At every node of that lattice, you either get paid a performance fee or you don't. If you do, then you get paid the value of the underlying at that node, times 2%.
So, you can write another lattice for the payments you get at each node, if you get them at all. You then pick out a copy of this fantastic book and look up the "hitting time theorem". This is an extension of the Bertrand ballot theorem, which just tells you the probability that a discrete random walk will reach some distance d after time t, for the first time. This is exactly what you need to know at every node, because if that value has been reached before for the value of the underlying, then it isn't a high-water mark. So you multiply each node by its first-hit probability and Bob's your uncle.
Except of course he isn't, because if you actually do this, you find that the valuation goes to infinity.
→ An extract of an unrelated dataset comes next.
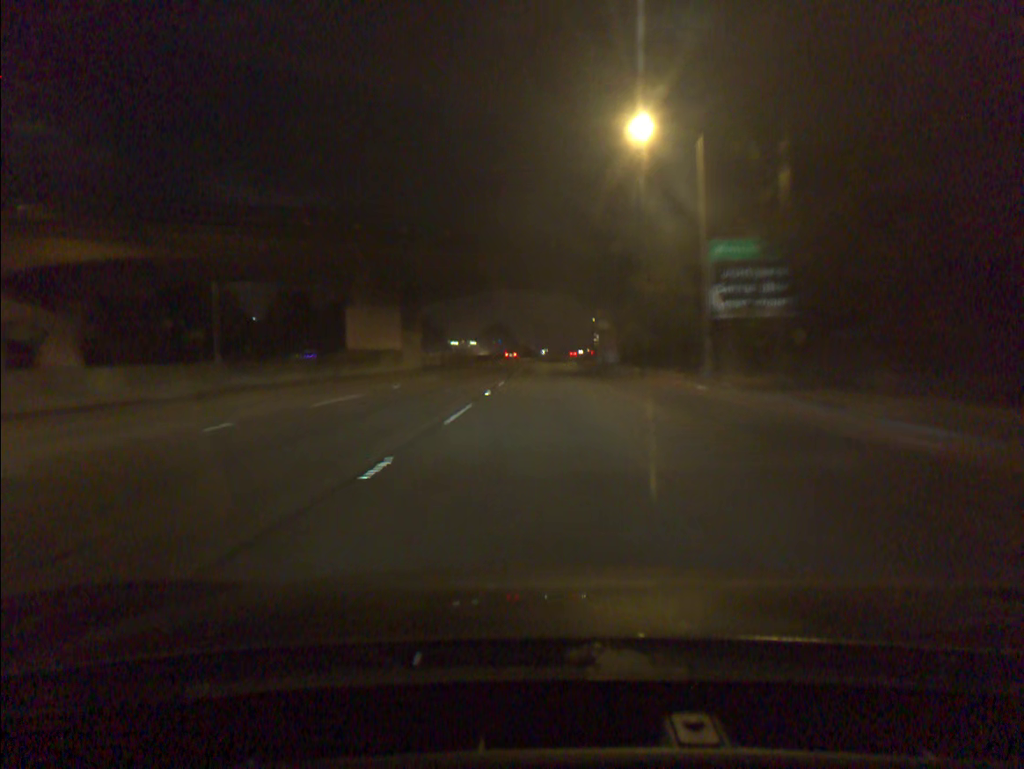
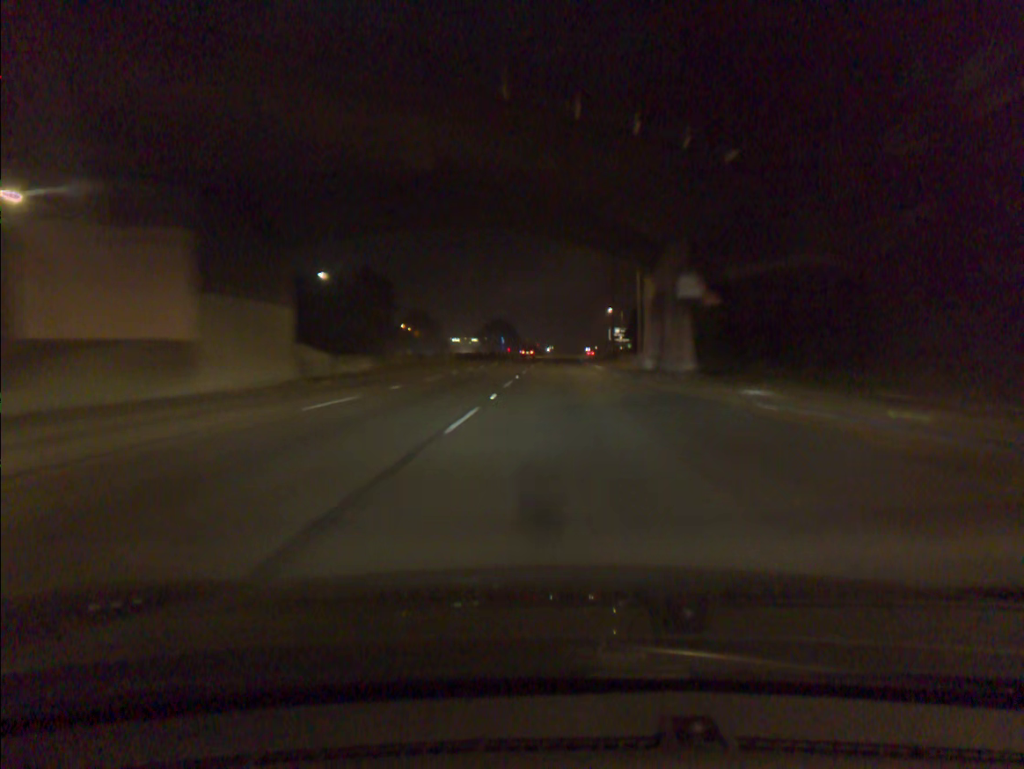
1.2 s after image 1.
(-0.2, +31.7) m; 0°
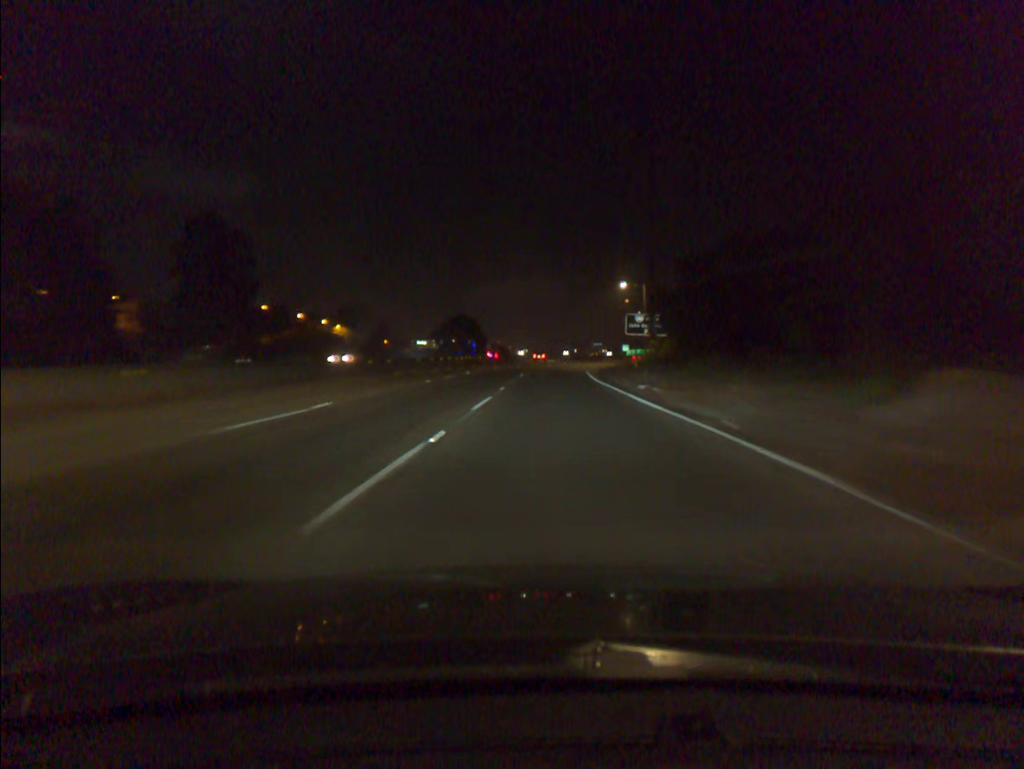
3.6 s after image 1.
(+0.7, +61.8) m; +1°

This is because as you go out to perpetuity, every time slice contributes a tiny bit of expected value to the overall valuation, and although this gets smaller with every step, it doesn't converge.
This is because, of course, we've ignored the fact that there is an absorbing barrier for the value of the underlying - if the fund goes to zero, it is gone and there will be no more payments. So you have to use the ballot theorem again, to calculate for every note what the probability is of crossing zero before you reach that level, and multiply by one minus that. Obviously the probability of going to zero first gets bigger the further out you go, and this means that the whole thing solves.
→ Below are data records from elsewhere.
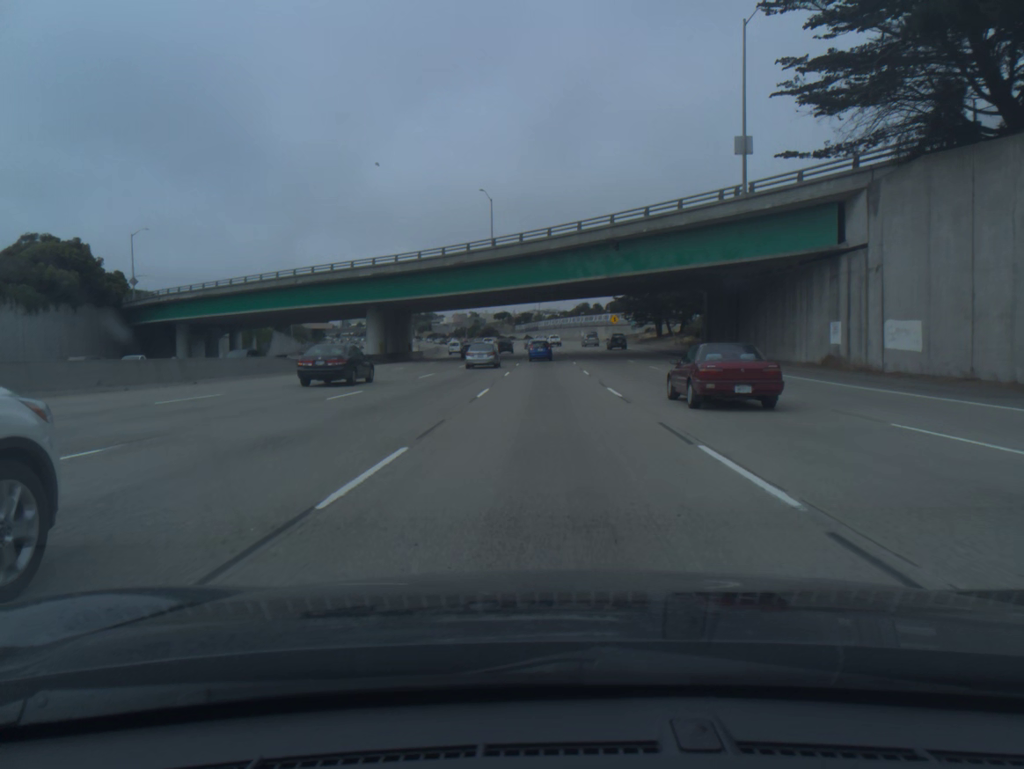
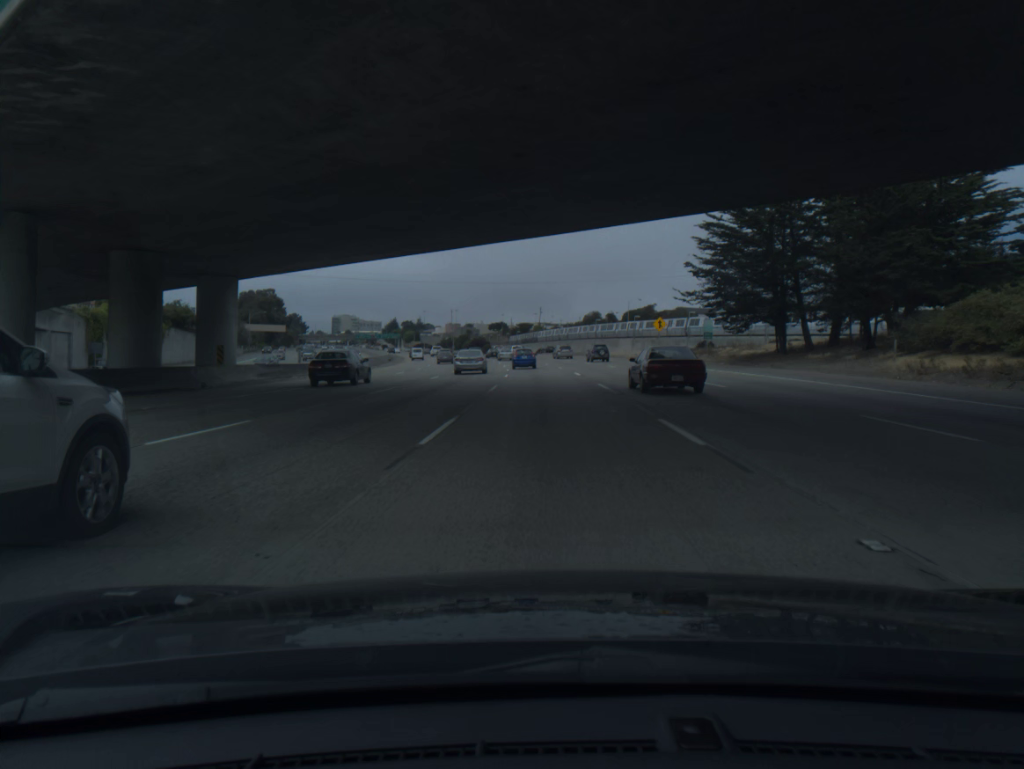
(+0.1, +52.8) m; 0°
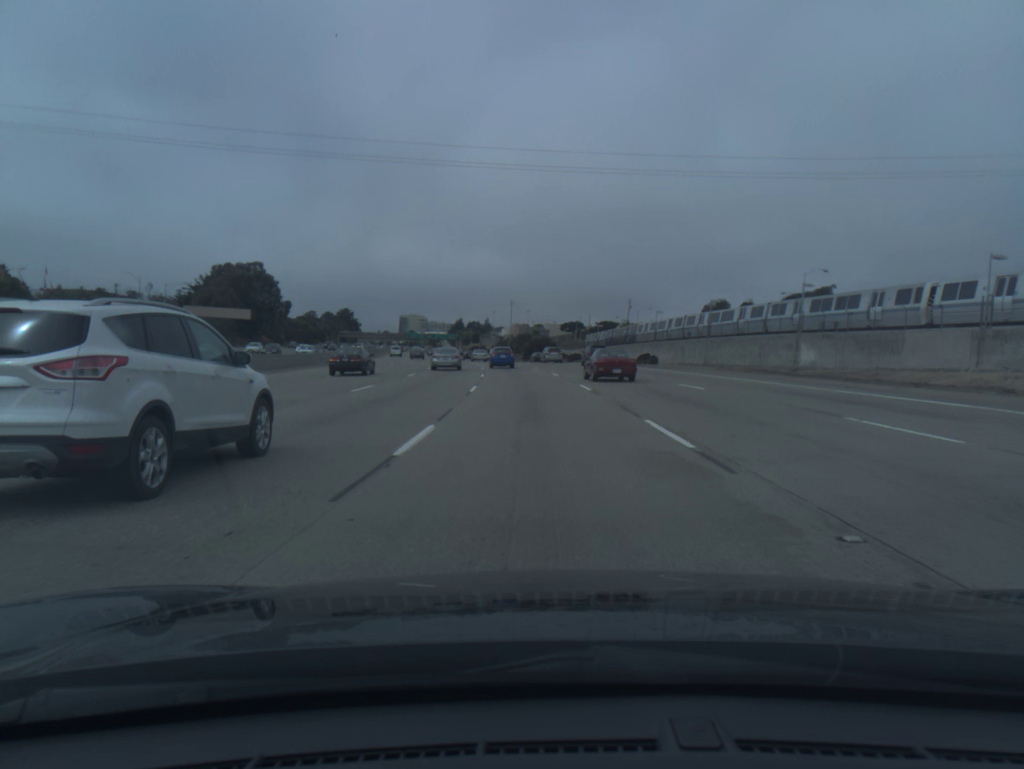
(-2.8, +86.2) m; -5°
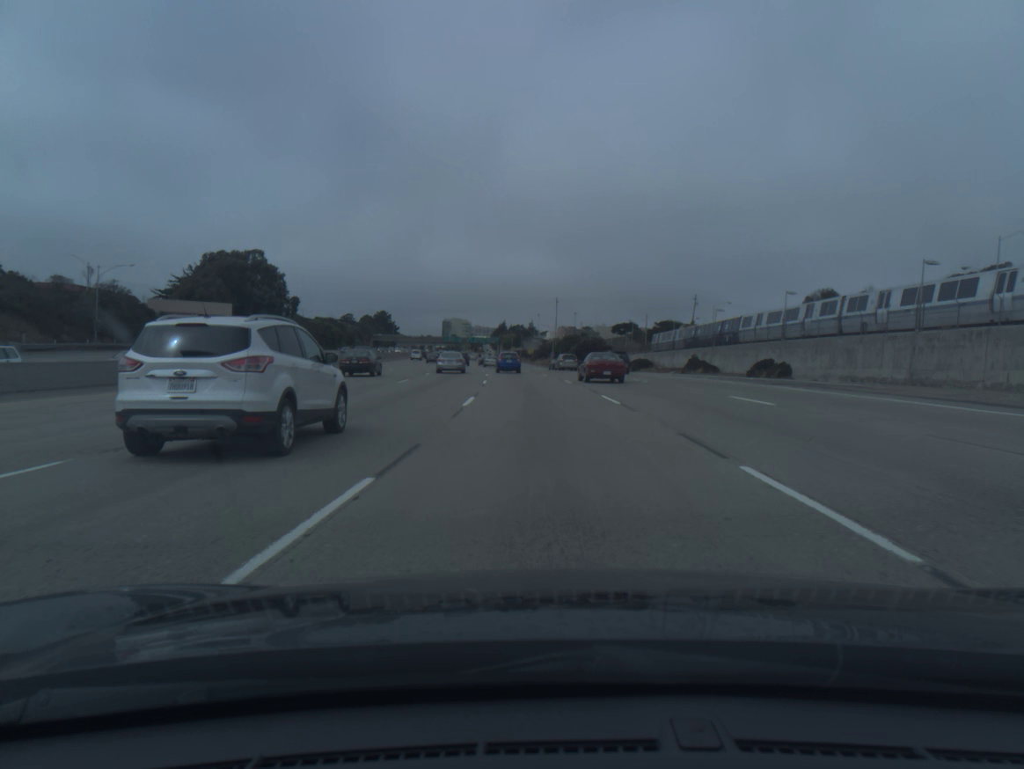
(-1.1, +34.0) m; -4°

This is probably amazingly obvious and has been covered in the literature a million years ago but I felt rather clever when I did it.
this item posted by the management 7/21/2006 07:43:00 AM
Thursday, July 13, 2006
Camden New Journal Readers Say The Damnedest Things
Regular Crooked Timber readers will be aware that the people who write letters to the Camden New Journal are a laugh a minute. However, the stuff about the eliminationist anti-Semitic pizza was not even the funniest letter in the CNJ that week. That honour goes to the following:
I CAN hardly believe that Esther Rantzen could make such an inane remark as "it saddens me that anyone could complain about anyone else's enjoyment (Neighbours relish sounds of silence during concert season, June 29)
Almost all anti-social behaviour from drunkeness and violence to child abuse is someone else's enjoyment. And I thought Esther was the founder of Childline, a charity opposed to child abuse
Well, exactly. Esther thought it was sad that people complained about the concerts at Kenwood House, but when it came to spoiling the paedos' fun, she was just as much of a killjoy herself! Hypocrite!
It might have been a Viz-style Letterbocks joke, but it wasn't marked.
this item posted by the management 7/13/2006 04:08:00 PM
Saturday, July 08, 2006
Can this be true?
I would certainly have thought that some misogynistic arse of a sportswriter would have coined the nickname "Amelie Machismo" before now, but according to Google, not so. Will I be able to claim royalties? I promise to donate them to some sort of charity aimed at stamping out people like me.
Update: what a shame, as well, that Justine Henin-Hardenne never got divorced and then remarried Tim Henman. I would have loved to have heard the commentators trying to get their tongues round "Henin-Hardenne-Henman" under pressure.
Update Update: Would anyone like to hear about my really spiffy pricing model for valuing the "high water mark" fee structure for a hedge fund?
this item posted by the management 7/08/2006 08:17:00 AM
Hullo, SE24
Once more, I must point out that "Daniel Davies" who has a letter in this week's Saturday Guardian (something about Iranians) isn't me. I don't write letters to newspapers and I secretly believe that people who write letters to newspapers are loonies. Having a blog is different of course.